*** Input material

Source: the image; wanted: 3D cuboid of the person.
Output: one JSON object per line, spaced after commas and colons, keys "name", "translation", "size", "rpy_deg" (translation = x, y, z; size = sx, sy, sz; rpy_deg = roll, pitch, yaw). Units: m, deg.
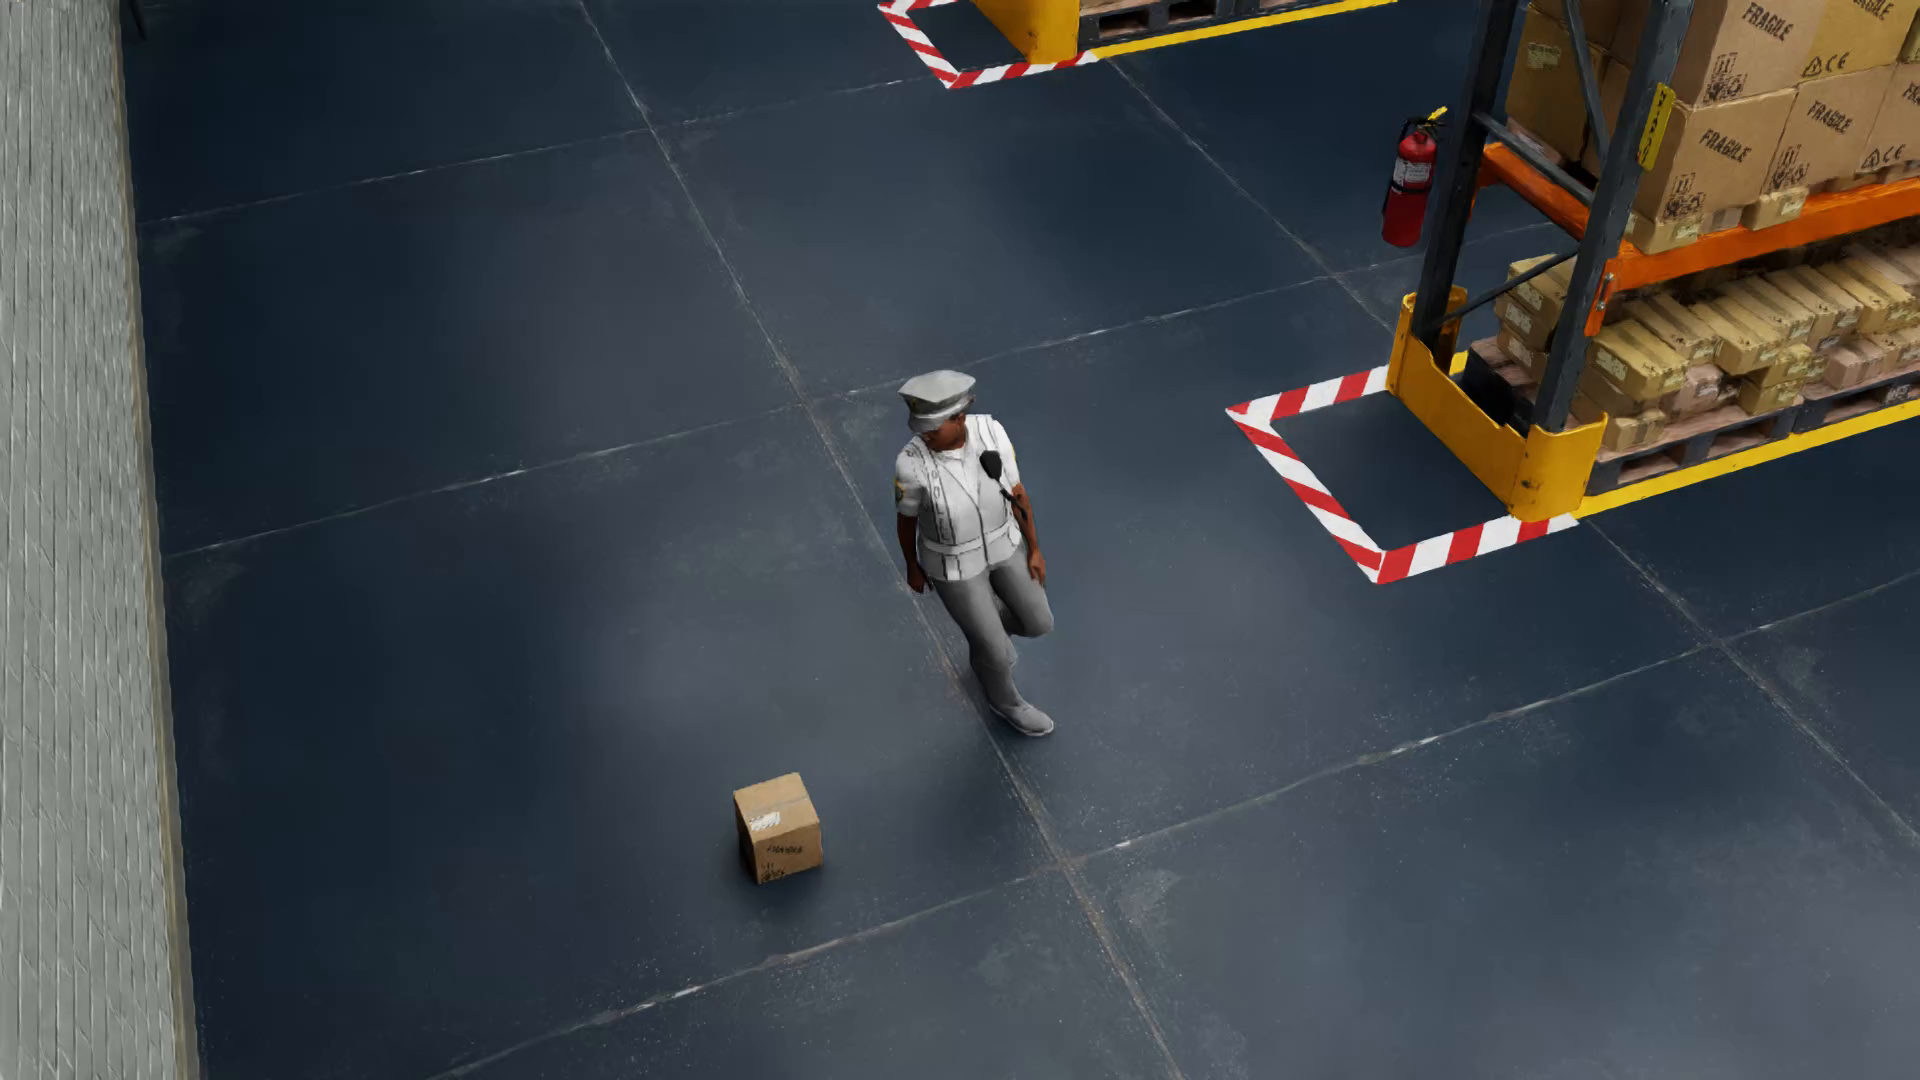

******
*** Input material

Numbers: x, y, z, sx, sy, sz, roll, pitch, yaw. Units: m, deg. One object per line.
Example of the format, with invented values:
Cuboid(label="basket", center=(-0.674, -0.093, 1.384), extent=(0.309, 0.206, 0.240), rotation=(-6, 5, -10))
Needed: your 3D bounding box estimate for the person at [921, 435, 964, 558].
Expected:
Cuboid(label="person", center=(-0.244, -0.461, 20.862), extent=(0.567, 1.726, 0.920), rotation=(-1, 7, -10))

******
*** Input material

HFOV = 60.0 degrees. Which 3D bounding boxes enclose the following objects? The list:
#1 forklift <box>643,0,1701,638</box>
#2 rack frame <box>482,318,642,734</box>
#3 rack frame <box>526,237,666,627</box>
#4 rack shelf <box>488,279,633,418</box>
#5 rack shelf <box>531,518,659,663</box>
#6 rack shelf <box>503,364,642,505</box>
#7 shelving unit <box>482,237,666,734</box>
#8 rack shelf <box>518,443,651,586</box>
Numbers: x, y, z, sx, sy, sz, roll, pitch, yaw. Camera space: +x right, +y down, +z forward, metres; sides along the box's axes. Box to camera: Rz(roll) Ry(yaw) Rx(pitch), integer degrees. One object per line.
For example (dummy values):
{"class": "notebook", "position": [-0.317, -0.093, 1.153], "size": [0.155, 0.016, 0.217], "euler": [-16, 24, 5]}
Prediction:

******

* **Task details**
Using the data above, extract exactly the lines from the one that holds "Source: the image;" to the one that holds "Output: one JSON", both ends included, and no others.

* **Finished exercise**
Source: the image; wanted: 3D cuboid of the person.
Output: one JSON object per line, spaced after commas and colons, keys "name", "translation", "size", "rpy_deg" (translation = x, y, z; size = sx, sy, sz; rpy_deg = roll, pitch, yaw). Units: m, deg.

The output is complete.